Doubtless he discussed the latest developments with the prince, while giving a conservation primer to Harry’s American girlfriend.
However, they had not come thousands of miles to learn about conservation, interested though they both were in the topic. Their days and nights under canvas in the middle of nowhere were a chance to get to know one another without any distractions. That meant, for once, the chattily effusive Meghan Markle maintained radio silence on her social media accounts, the normally prolific web maven going dark between August 21 and 28.
Conversationally, Harry, who has spoken about his ambition to be a safari guide, was on home turf, the old Africa hand well able to impress Meghan with his local knowledge of the bush and the dynamic relationship between indigenous tribes and the native flora and fauna. After all, what is there not to love about a guy who spends his holidays saving elephants and rhinos?
Though Meghan had been to Rwanda on behalf of World Vision Canada, she had never experienced anything so remote and primitive. Sipping a glass of decent red wine by the pool at Le Sirenuse in Positano simply did not compare with watching the vast herds roaming the plains, a sundowner cocktail in hand.

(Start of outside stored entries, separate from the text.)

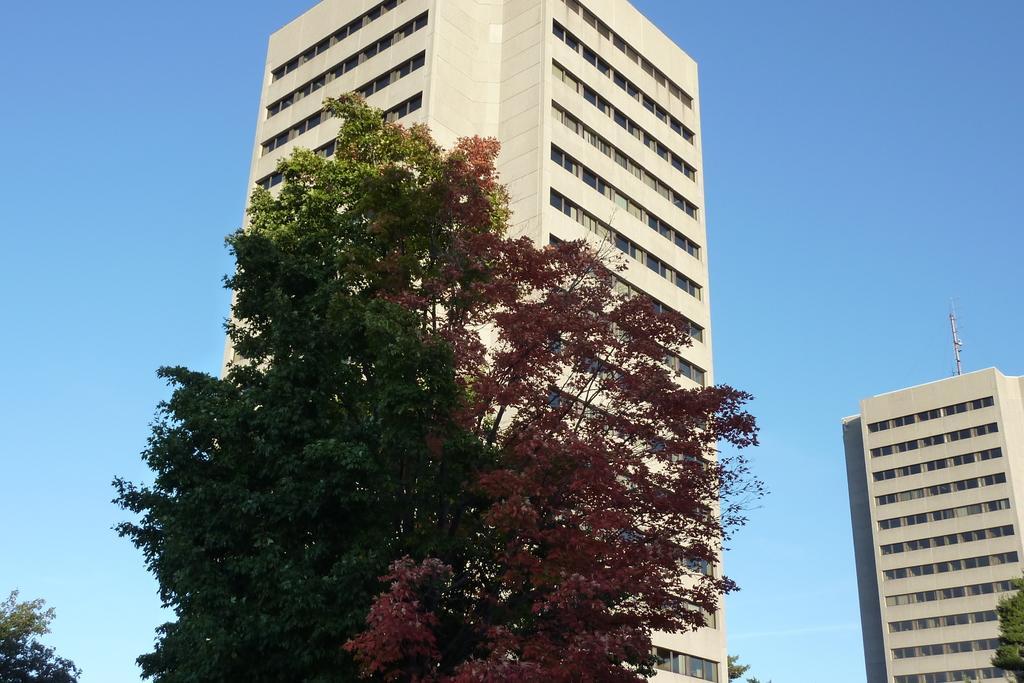Describe this image in one or two sentences. In this picture we can see buildings, trees and we can see sky in the background. 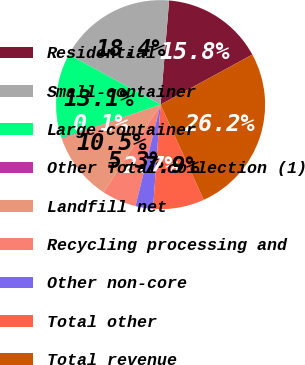Convert chart to OTSL. <chart><loc_0><loc_0><loc_500><loc_500><pie_chart><fcel>Residential<fcel>Small-container<fcel>Large-container<fcel>Other Total collection (1)<fcel>Landfill net<fcel>Recycling processing and<fcel>Other non-core<fcel>Total other<fcel>Total revenue<nl><fcel>15.75%<fcel>18.35%<fcel>13.14%<fcel>0.1%<fcel>10.53%<fcel>5.32%<fcel>2.71%<fcel>7.93%<fcel>26.17%<nl></chart> 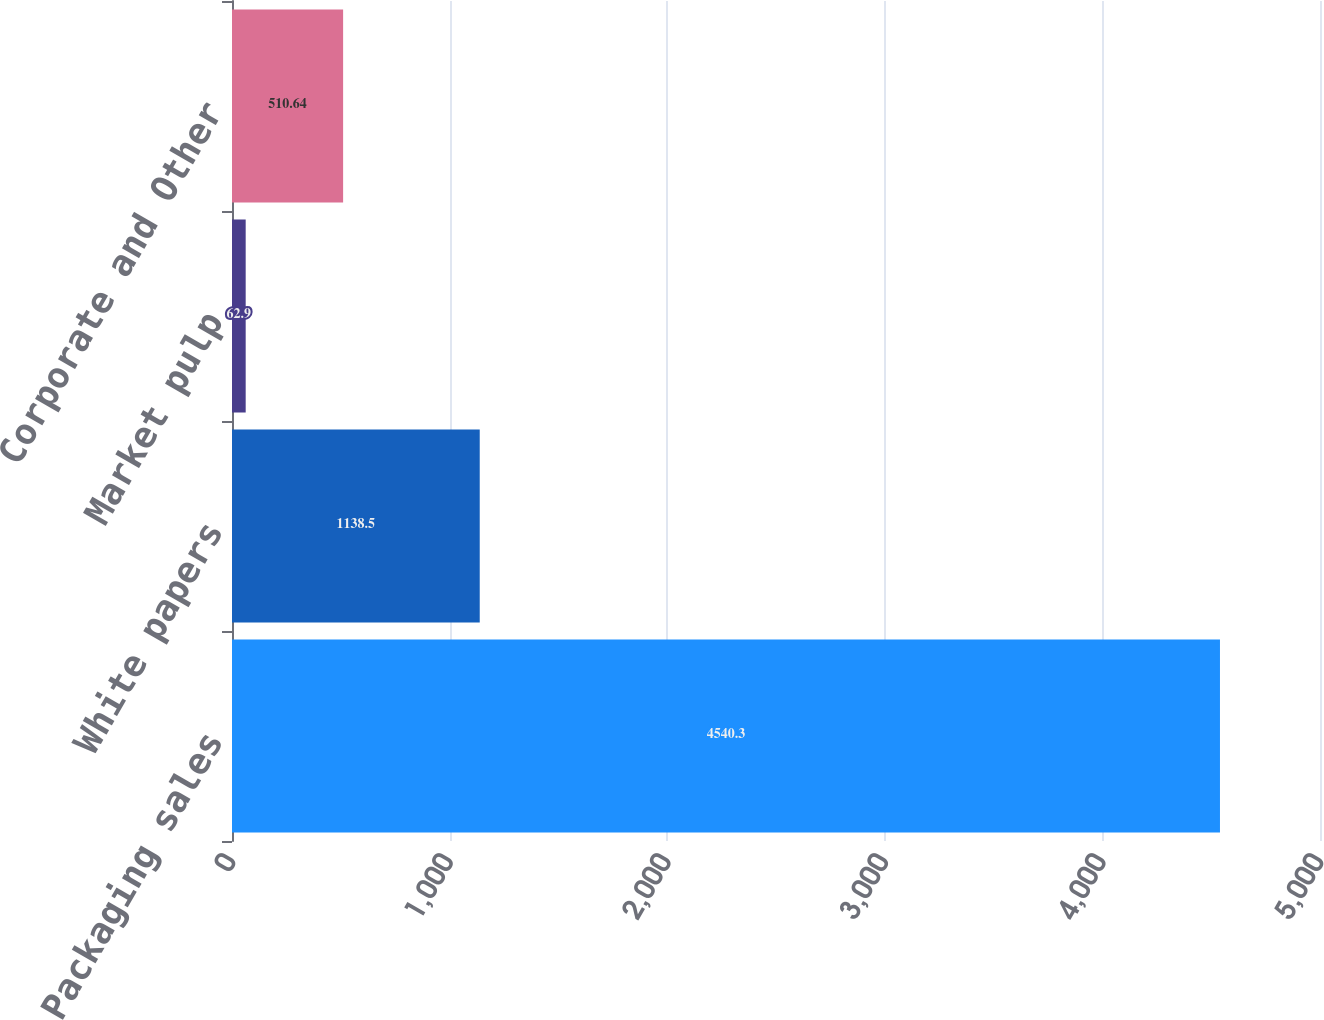<chart> <loc_0><loc_0><loc_500><loc_500><bar_chart><fcel>Packaging sales<fcel>White papers<fcel>Market pulp<fcel>Corporate and Other<nl><fcel>4540.3<fcel>1138.5<fcel>62.9<fcel>510.64<nl></chart>

When the sun finally did go down, after a meal of chicken or game stew, they drank in the shimmering carapace of the stars above them. And when they retired for the night, they were lulled to sleep by the chirping of the yellow-throated sand grouse and the melancholy call of zebra at the water’s edge. At dawn they were awoken by a chattering chorus of birds, noisier than usual, as it was their mating season.
During the days, the couple was able to choose from walking tours and day-long safaris deep into the Kalahari Desert. Along the banks of the river, crocodiles are a common sight, while sharp-eyed visitors can occasionally see lions and cheetahs. After a dusty safari the couple could relax in the natural rock swimming pool overlooking the river—crocodiles excluded.